──────── Dataset records ────────

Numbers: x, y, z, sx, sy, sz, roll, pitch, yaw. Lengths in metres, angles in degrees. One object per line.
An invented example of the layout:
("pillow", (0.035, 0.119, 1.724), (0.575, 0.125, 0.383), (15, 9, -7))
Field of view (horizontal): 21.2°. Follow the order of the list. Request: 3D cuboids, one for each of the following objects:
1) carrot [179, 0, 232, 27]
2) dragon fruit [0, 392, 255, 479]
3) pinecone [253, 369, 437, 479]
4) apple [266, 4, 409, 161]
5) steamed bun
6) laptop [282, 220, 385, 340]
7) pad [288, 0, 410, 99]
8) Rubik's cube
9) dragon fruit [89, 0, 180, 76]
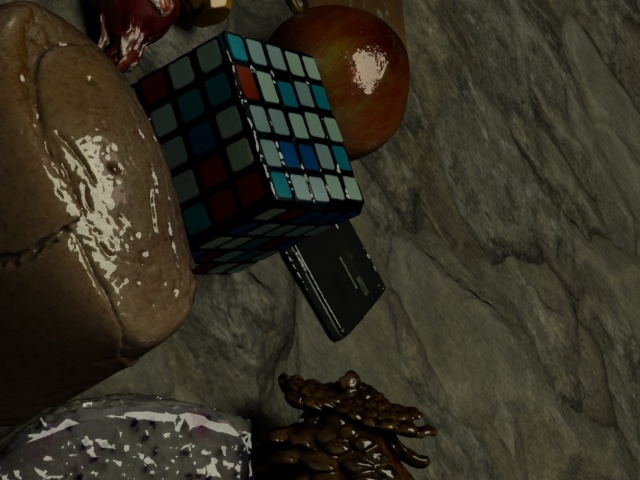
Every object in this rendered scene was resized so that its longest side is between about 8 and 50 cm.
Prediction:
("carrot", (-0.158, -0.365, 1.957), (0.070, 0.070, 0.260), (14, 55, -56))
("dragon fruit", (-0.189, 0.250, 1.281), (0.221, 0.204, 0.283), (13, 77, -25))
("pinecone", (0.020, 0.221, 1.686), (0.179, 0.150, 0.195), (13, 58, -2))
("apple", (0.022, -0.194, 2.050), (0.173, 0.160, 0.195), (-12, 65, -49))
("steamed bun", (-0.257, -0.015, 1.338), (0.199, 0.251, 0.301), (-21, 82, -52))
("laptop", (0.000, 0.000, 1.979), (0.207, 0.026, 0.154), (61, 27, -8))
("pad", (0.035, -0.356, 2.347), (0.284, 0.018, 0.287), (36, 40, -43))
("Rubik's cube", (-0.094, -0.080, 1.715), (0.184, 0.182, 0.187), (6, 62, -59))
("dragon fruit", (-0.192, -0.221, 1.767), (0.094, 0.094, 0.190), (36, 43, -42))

────────

With the images omitted, output all entries exactly as given.

Numbers: x, y, z, sx, sy, sz, roll, pitch, yaw. Lengths in metres, angles in degrees. One object per line.
An invented example of the layout:
("pillow", (0.035, 0.119, 1.724), (0.575, 0.125, 0.383), (15, 9, -7))
Field of view (horizontal): 21.2°. Follow the order of the list. Request: 3D cuboids, one for each of the following objects:
1) carrot [179, 0, 232, 27]
2) dragon fruit [0, 392, 255, 479]
3) pinecone [253, 369, 437, 479]
4) apple [266, 4, 409, 161]
5) steamed bun
6) laptop [282, 220, 385, 340]
7) pad [288, 0, 410, 99]
8) Rubik's cube
9) dragon fruit [89, 0, 180, 76]
Every object in this rendered scene was resized so that its longest side is between about 8 and 50 cm.
Prediction:
("carrot", (-0.158, -0.365, 1.957), (0.070, 0.070, 0.260), (14, 55, -56))
("dragon fruit", (-0.189, 0.250, 1.281), (0.221, 0.204, 0.283), (13, 77, -25))
("pinecone", (0.020, 0.221, 1.686), (0.179, 0.150, 0.195), (13, 58, -2))
("apple", (0.022, -0.194, 2.050), (0.173, 0.160, 0.195), (-12, 65, -49))
("steamed bun", (-0.257, -0.015, 1.338), (0.199, 0.251, 0.301), (-21, 82, -52))
("laptop", (0.000, 0.000, 1.979), (0.207, 0.026, 0.154), (61, 27, -8))
("pad", (0.035, -0.356, 2.347), (0.284, 0.018, 0.287), (36, 40, -43))
("Rubik's cube", (-0.094, -0.080, 1.715), (0.184, 0.182, 0.187), (6, 62, -59))
("dragon fruit", (-0.192, -0.221, 1.767), (0.094, 0.094, 0.190), (36, 43, -42))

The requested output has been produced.